Angela looked at him brightly, her pale skin flushed at the nose and cheeks against the chilling wind. She pulled her jacket closer around her. “Good to see you back, Lee.”
She reached one hand out, and Lee took it. Not a handshake, but a quick and heartfelt squeeze. What there was between them was a mystery to Lee, but he had long ago decided to go with it, because despite his reservations, it was something real. It was something he could come back to. Something to ground him so that his entire existence was not an unending slough of death and conflict.
“Where’s Abby?” Lee asked.
“She’s learning how to sew with some of the other kids.”
Abby hadn’t warmed up to him, and it didn’t seem like she was going to.
“Did you hear about the guy who’s asking for you?” Sam broke in, peering up at Lee with one eye squinted against the sun.
“Yeah, I heard,” Lee said and glanced at Angela, who returned a quizzical look. To Sam again, Lee said, “Did you learn anything new the last few days?”

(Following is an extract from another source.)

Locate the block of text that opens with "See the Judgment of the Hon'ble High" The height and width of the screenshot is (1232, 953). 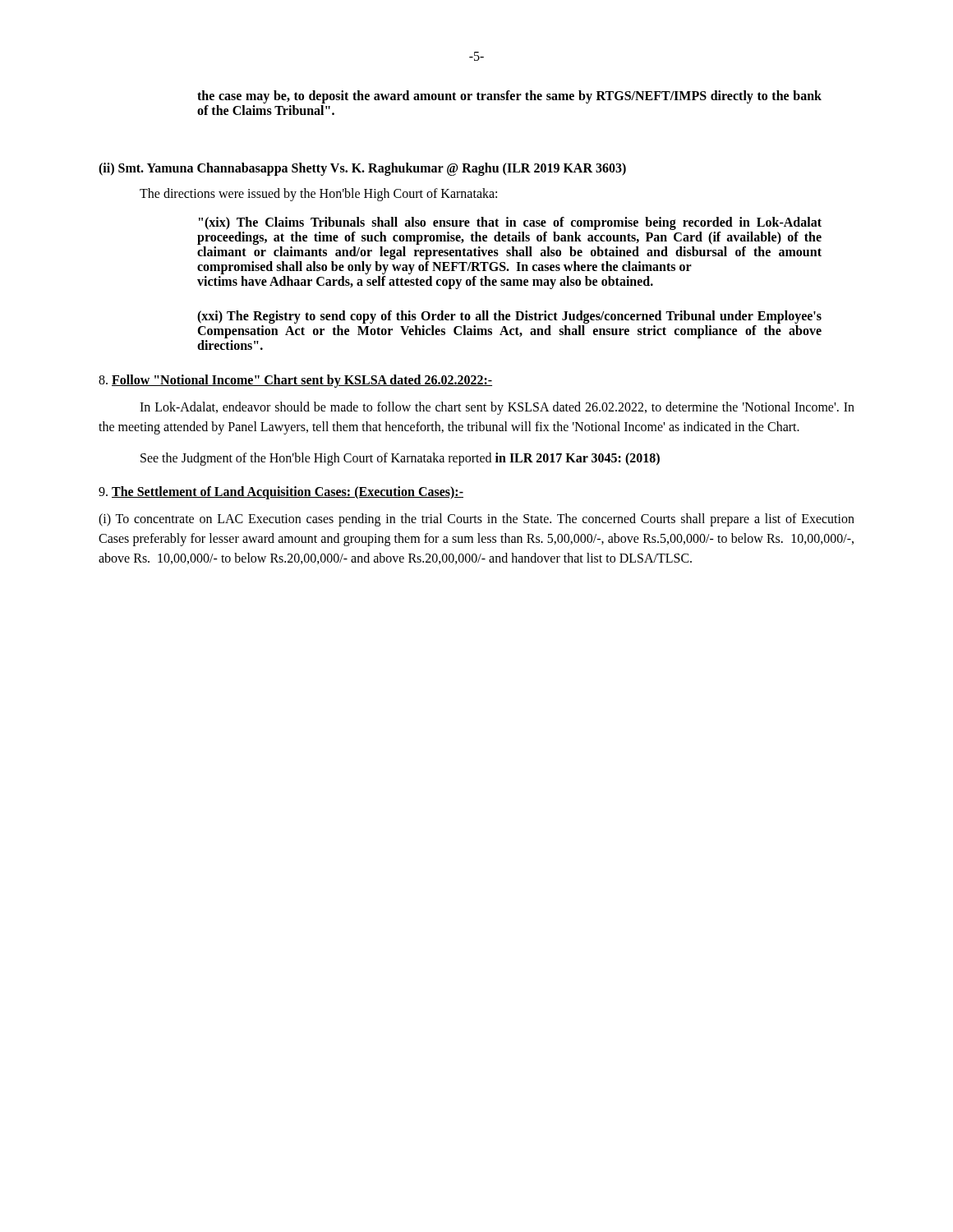(400, 458)
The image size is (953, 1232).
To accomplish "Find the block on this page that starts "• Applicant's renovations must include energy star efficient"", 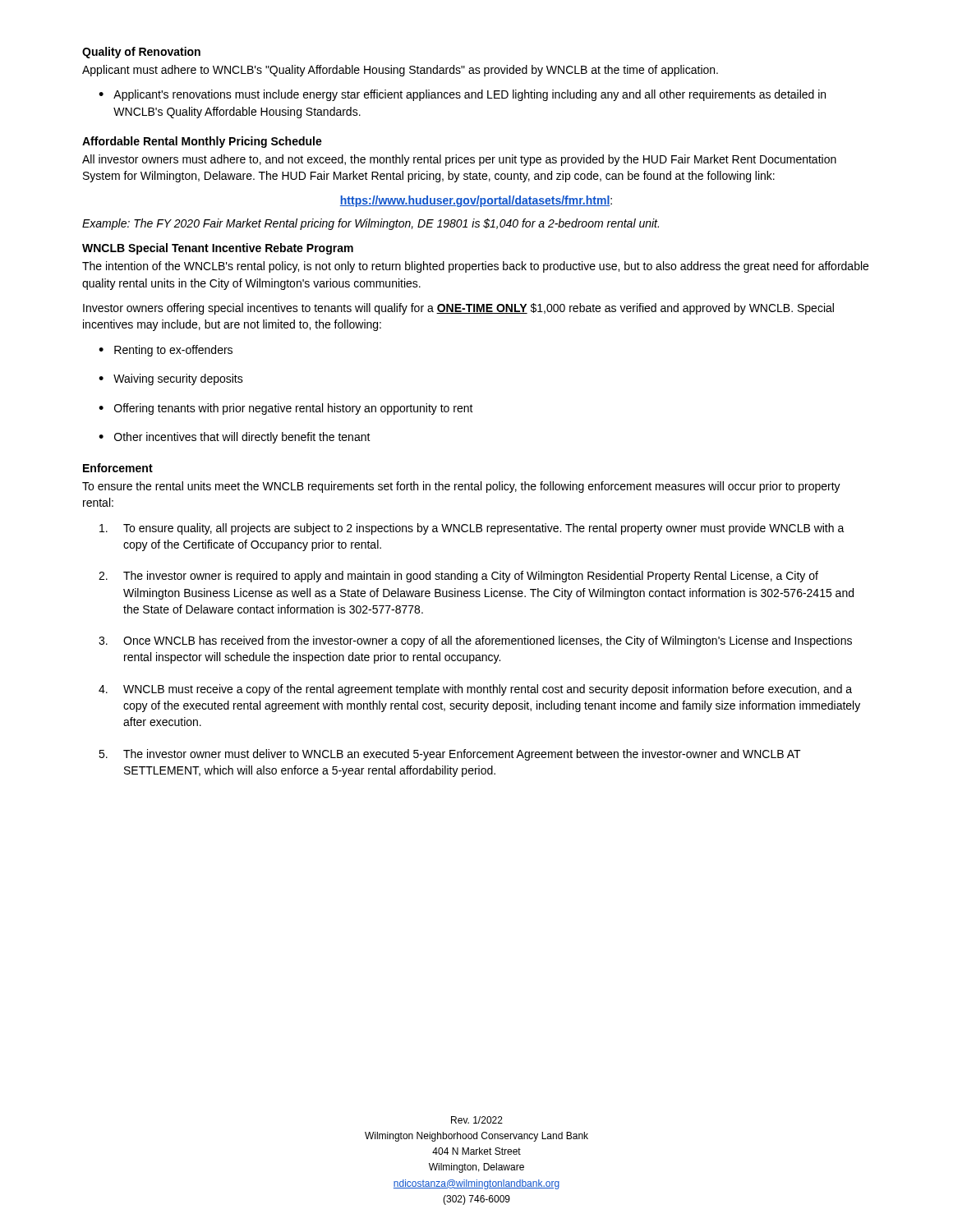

“Mr. Keith taught me how to shoot his .22 rifle,” Sam nodded with a smile. “We went out and got a couple rabbits. He said I was a natural. Showed me how to skin them and cook them and everything.”
“Wow.” Lee’s eyes went up. “He took you outside the fence?”
“Is that okay? We didn’t go very far.”
“Yeah.” He pictured the old man and Sam running through a field with wild-eyed and shit-covered crazies sprinting after them, screeching and howling. Then he saw blood and entrails smeared across the grassy earth. He swallowed. “I’m sure Mr. Keith was smart about it.”
Angela spoke up. “Where’re you off to now?”
Lee pointed a thumb toward the Camp Ryder building. “I gotta get up with Bus and figure out what’s going on with this guy from Virginia. You hear anything about it?”